Since Israel’s withdrawal from the Gaza Strip in 2005 rockets have been continually fired into Israel. Over the past eight years not less than 8,000 rockets and shell mortars have been fired from the Gaza strip, putting at risk one million Israeli civilians. A huge arsenal of weapons and explosives has been smuggled through underground tunnels from Egypt to the Gaza Strip. Hamas deliberately uses fellow Palestinian civilians, including women and children, as human shields by setting up rocket-launchers in built-up areas so as to provoke a calculated response from the Israelis and then be able to accuse them of the massacre of innocent civilians.
The five-fold propaganda strategy of Hamas consists of (1) launching relentless attacks against Israeli civilians, thus (2) forcing Israel to react, before (3) posturing as the victims of a ruthless aggressor, (4) claiming alleged breaches of human rights to tarnish and undermine the respectability of Israel internationally and finally (5) justifying a new wave of attacks against Israel and its people.
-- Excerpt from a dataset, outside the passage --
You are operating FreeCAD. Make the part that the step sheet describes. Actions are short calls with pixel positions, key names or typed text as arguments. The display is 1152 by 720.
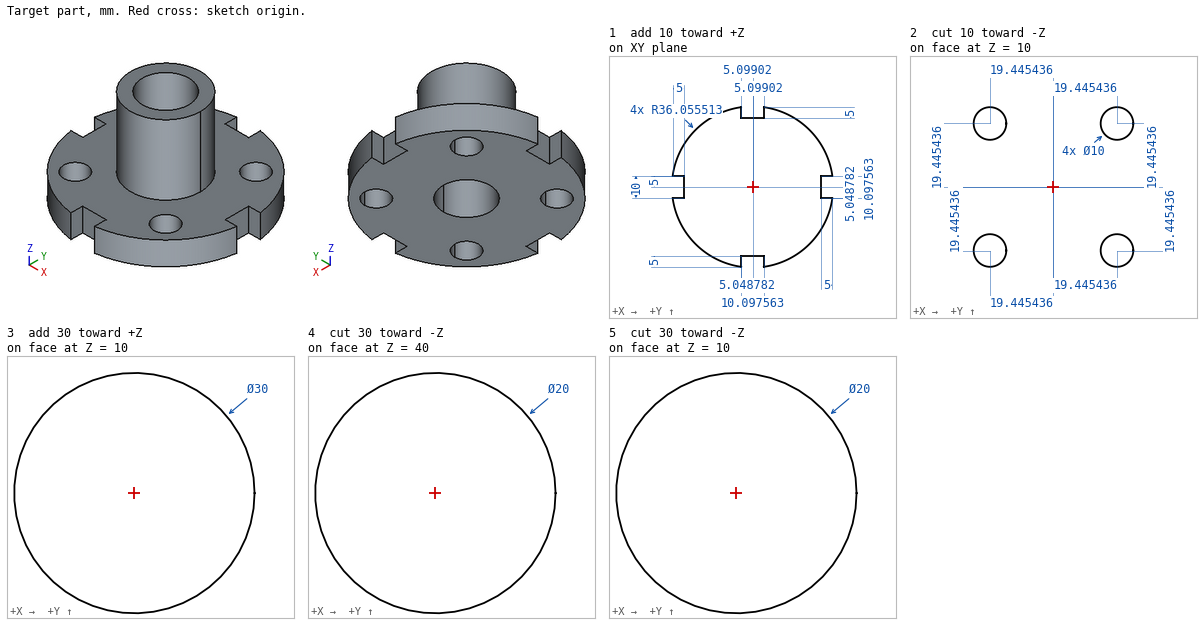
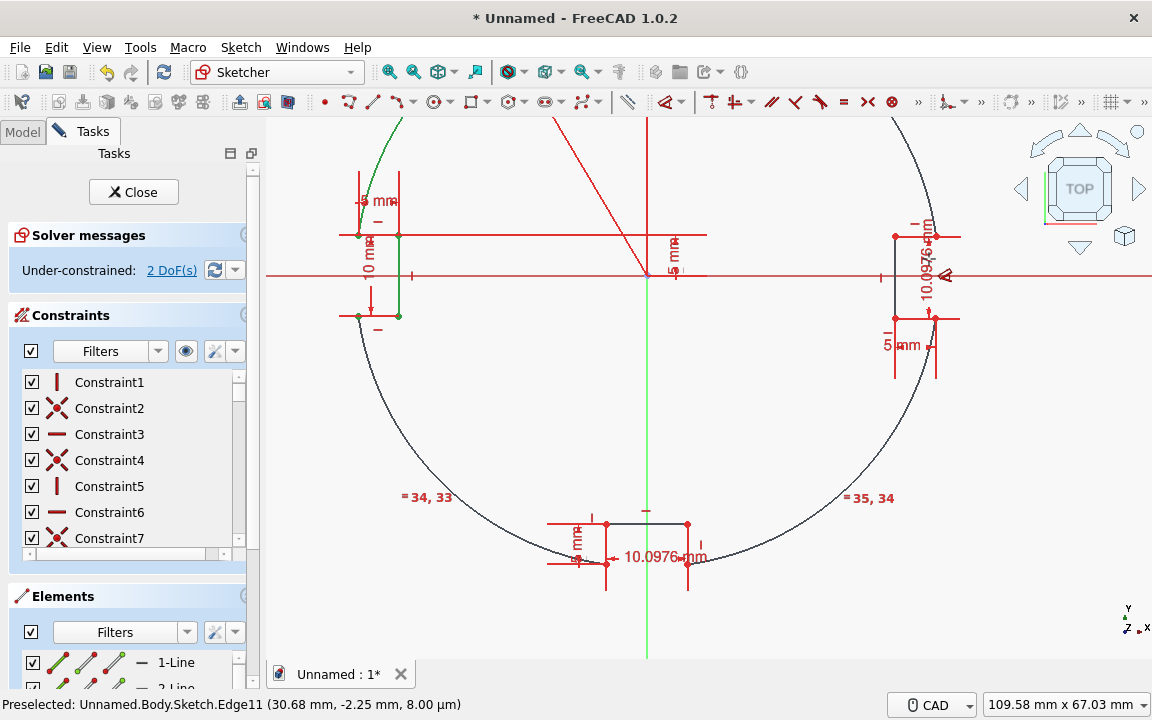
click(606, 564)
click(627, 598)

The tragedy that occurred at the United Nations-run school on 6 January is a typical example of this obnoxious, evil strategy. Hamas terrorists moved into position next to the school and fired mortar shells at Israeli troops. Israeli forces returned fire, which set off a series of bombs that Hamas had planted as booby-traps within the school. As a result 40 Palestinians civilians who had taken refuge in these premises were killed. The UN failed to ensure that the building was a safe location for civilians, refused to take its share of responsibility in the massacre and was quick to blame the Israelis, adding its voice of condemnation to Hamas supporters.
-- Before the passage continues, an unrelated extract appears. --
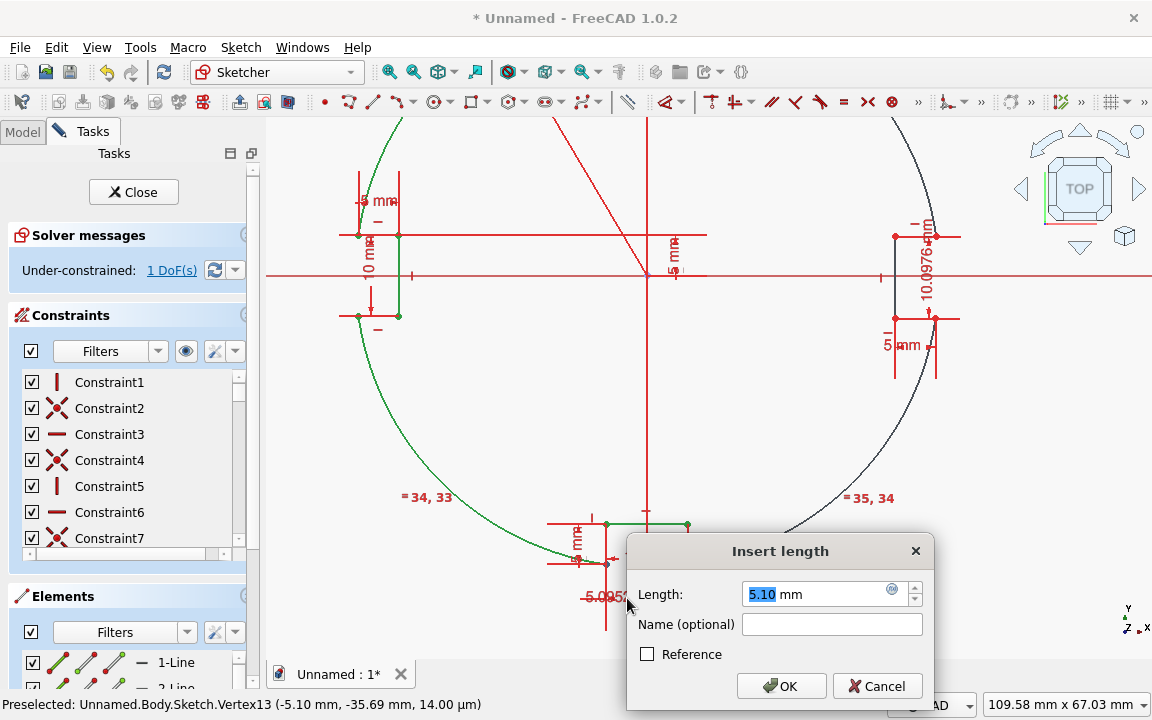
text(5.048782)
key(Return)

Supporting Israel and helping innocent civilians
How should a democratic State like Israel, which abides by the rule of law and respects human rights, deal with terrorist groups such as Hamas to protect its people? For years on end Israel has asked Hamas to stop and finally agreed to a truce via Egypt’s mediation, which Hamas has not respected. Hamas was warned and knew that rocket and shell mortar launching would not be tolerated by Israel indefinitely. Faced with the lethargy shown by Western democracy in addressing this matter, Israel had no other option than to try to dismantle the source of violence itself. The measures taken by Israel were absolutely necessary and by all standards proportionate in circumstances made extremely difficult by Hamas, which was using the civilian population as a human shield. Instead of exercising pressure to obtain a ceasefire that would benefit the terrorists, Western democracies should have given their support to Israel by helping to put the Hamas murder machine out of action and protect innocent Palestinian civilians. Israel refused to give up the operation despite adverse media propaganda and international pressure. This is a courageous stand, and one that Western democracies also need to take in order to root out home-grown terrorism from their own societies, while at the same time devising measures to effectively ensure the protection of innocent civilians, particularly children.